[Available data — start]

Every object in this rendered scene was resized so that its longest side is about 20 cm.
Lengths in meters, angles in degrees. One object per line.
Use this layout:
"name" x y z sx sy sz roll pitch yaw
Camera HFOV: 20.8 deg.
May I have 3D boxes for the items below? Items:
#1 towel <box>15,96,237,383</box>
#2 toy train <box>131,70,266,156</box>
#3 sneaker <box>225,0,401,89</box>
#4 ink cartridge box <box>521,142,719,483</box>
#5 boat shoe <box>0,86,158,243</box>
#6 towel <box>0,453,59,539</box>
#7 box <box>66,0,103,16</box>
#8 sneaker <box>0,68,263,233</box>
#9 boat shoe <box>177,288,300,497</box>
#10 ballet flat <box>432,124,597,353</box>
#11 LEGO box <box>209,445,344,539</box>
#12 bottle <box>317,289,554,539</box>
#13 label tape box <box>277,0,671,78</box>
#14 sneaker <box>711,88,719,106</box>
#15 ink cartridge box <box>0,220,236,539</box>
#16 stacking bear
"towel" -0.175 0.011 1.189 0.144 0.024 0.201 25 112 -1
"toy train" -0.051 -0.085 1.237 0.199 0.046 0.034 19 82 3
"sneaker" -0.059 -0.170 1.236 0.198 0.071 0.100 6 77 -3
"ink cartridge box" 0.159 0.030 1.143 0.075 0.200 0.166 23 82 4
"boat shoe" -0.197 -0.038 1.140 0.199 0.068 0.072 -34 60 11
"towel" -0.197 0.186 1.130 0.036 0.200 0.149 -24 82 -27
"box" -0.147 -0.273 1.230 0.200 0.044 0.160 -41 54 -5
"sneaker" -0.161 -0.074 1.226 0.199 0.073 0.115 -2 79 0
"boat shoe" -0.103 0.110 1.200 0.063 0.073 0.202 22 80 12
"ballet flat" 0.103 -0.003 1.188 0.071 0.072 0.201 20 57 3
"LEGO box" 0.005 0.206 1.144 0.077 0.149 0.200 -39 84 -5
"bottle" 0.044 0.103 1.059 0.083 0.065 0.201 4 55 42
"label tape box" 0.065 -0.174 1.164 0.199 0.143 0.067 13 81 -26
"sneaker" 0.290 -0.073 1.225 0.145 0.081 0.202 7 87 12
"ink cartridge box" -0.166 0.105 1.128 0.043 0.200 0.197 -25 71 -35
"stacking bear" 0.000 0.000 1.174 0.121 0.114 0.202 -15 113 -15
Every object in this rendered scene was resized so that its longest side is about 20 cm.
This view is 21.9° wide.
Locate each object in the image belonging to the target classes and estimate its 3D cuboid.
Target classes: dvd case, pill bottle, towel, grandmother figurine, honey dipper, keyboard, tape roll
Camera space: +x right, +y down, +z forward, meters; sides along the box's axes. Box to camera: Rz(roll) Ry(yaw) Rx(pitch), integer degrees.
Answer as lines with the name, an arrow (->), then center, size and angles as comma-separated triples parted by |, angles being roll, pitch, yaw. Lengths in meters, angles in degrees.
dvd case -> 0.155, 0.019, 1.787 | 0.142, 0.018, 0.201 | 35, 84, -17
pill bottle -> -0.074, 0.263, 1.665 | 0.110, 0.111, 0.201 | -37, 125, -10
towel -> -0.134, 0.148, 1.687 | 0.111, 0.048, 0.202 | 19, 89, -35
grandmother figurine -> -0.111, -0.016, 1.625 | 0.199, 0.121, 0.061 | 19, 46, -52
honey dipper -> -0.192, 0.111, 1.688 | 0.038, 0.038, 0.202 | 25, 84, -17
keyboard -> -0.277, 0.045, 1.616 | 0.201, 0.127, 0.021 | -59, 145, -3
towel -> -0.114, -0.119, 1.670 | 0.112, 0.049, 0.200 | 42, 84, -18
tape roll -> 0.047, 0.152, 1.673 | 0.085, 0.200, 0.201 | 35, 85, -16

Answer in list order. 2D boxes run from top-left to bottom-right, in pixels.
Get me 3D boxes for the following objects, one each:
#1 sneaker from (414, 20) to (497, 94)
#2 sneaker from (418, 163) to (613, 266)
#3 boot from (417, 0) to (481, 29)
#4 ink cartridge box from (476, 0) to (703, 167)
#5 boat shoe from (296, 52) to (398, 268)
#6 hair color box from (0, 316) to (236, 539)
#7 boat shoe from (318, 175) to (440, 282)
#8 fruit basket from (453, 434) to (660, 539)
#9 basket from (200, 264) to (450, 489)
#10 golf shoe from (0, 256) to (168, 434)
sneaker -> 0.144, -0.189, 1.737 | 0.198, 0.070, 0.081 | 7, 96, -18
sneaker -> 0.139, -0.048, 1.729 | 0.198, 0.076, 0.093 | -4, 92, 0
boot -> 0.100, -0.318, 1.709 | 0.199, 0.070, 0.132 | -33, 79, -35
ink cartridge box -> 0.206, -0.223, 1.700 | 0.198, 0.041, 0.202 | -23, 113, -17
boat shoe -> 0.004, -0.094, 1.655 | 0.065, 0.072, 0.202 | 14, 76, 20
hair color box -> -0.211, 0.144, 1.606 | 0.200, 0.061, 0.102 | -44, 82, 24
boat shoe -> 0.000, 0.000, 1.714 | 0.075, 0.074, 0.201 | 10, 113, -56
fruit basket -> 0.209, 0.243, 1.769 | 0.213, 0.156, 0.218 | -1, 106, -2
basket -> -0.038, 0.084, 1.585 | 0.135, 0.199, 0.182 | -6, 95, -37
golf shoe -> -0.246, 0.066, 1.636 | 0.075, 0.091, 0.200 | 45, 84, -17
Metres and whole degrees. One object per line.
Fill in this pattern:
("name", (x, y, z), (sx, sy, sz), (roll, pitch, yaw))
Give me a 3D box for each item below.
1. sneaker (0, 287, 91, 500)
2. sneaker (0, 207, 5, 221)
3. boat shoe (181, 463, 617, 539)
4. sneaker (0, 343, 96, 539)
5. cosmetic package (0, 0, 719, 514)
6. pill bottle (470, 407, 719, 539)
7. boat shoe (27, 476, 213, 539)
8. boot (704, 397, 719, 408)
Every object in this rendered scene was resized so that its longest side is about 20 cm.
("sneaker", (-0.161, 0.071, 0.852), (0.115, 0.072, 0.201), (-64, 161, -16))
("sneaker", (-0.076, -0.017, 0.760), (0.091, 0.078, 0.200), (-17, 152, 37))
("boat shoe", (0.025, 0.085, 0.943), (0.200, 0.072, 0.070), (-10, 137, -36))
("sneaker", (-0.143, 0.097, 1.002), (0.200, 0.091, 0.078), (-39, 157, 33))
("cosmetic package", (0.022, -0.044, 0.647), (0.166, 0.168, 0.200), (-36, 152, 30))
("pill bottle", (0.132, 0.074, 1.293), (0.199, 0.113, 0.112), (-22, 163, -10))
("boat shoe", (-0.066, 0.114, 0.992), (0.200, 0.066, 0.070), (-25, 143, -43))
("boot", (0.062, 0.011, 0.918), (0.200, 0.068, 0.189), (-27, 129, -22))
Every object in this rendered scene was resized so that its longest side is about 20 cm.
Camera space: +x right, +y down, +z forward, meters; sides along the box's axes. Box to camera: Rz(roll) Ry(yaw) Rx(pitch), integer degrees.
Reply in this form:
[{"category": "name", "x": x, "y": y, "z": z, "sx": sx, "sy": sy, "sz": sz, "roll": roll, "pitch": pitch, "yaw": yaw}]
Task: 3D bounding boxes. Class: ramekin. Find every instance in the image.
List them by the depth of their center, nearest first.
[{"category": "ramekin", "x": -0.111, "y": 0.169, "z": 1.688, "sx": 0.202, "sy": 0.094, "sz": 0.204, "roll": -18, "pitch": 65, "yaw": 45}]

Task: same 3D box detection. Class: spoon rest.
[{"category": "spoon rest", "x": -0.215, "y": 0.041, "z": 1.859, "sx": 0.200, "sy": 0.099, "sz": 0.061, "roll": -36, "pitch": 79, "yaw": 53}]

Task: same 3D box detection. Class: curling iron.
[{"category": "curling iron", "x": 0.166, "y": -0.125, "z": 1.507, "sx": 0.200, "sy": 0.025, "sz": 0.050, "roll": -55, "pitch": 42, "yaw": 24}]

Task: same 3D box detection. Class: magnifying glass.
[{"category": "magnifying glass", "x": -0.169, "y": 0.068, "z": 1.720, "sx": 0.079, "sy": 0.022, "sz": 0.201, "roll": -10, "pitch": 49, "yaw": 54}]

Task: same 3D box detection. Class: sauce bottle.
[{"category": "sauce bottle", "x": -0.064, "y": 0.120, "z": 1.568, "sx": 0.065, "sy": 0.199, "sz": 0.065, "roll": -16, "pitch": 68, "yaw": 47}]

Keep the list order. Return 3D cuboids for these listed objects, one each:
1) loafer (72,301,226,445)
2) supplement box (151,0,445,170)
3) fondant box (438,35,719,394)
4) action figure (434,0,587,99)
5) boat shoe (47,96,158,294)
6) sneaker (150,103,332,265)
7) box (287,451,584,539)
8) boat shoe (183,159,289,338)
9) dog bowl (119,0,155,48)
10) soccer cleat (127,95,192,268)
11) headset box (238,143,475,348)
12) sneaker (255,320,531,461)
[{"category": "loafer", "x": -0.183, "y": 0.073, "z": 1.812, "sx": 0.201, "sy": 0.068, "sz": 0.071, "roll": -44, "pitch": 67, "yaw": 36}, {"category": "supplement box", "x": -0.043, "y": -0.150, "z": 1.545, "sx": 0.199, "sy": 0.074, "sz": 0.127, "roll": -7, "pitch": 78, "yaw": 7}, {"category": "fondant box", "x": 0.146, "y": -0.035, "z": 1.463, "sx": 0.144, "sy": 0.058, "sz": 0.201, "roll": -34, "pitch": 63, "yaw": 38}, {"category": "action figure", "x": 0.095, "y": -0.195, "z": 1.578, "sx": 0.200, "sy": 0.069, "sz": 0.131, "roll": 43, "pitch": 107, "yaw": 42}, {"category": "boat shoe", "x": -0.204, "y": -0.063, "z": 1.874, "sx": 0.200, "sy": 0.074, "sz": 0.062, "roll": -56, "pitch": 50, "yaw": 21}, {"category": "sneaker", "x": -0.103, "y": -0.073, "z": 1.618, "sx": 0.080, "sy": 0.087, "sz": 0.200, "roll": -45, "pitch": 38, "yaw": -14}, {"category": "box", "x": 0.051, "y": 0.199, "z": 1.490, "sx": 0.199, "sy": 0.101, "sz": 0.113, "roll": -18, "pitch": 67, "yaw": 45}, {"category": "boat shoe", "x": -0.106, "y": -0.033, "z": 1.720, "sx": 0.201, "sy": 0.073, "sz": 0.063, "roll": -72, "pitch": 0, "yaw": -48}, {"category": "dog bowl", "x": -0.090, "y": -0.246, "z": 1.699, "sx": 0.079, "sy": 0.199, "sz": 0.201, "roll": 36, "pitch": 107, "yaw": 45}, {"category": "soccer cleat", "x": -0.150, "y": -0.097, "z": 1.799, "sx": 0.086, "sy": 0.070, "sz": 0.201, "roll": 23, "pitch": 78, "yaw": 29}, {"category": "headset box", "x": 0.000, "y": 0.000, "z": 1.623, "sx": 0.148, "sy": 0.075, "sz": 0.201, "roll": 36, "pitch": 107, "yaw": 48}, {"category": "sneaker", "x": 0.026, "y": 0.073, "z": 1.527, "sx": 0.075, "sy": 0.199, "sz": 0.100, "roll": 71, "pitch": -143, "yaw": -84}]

[Available data — finish]

§ **Exercise details**: The expected output is the exact run of lines from the start of the entries through the line with "#15 ink cartridge", inclusive.

§ **Result**:
Every object in this rendered scene was resized so that its longest side is about 20 cm.
Lengths in meters, angles in degrees. One object per line.
Use this layout:
"name" x y z sx sy sz roll pitch yaw
Camera HFOV: 20.8 deg.
May I have 3D boxes for the items below? Items:
#1 towel <box>15,96,237,383</box>
#2 toy train <box>131,70,266,156</box>
#3 sneaker <box>225,0,401,89</box>
#4 ink cartridge box <box>521,142,719,483</box>
#5 boat shoe <box>0,86,158,243</box>
#6 towel <box>0,453,59,539</box>
#7 box <box>66,0,103,16</box>
#8 sneaker <box>0,68,263,233</box>
#9 boat shoe <box>177,288,300,497</box>
#10 ballet flat <box>432,124,597,353</box>
#11 LEGO box <box>209,445,344,539</box>
#12 bottle <box>317,289,554,539</box>
#13 label tape box <box>277,0,671,78</box>
#14 sneaker <box>711,88,719,106</box>
#15 ink cartridge box <box>0,220,236,539</box>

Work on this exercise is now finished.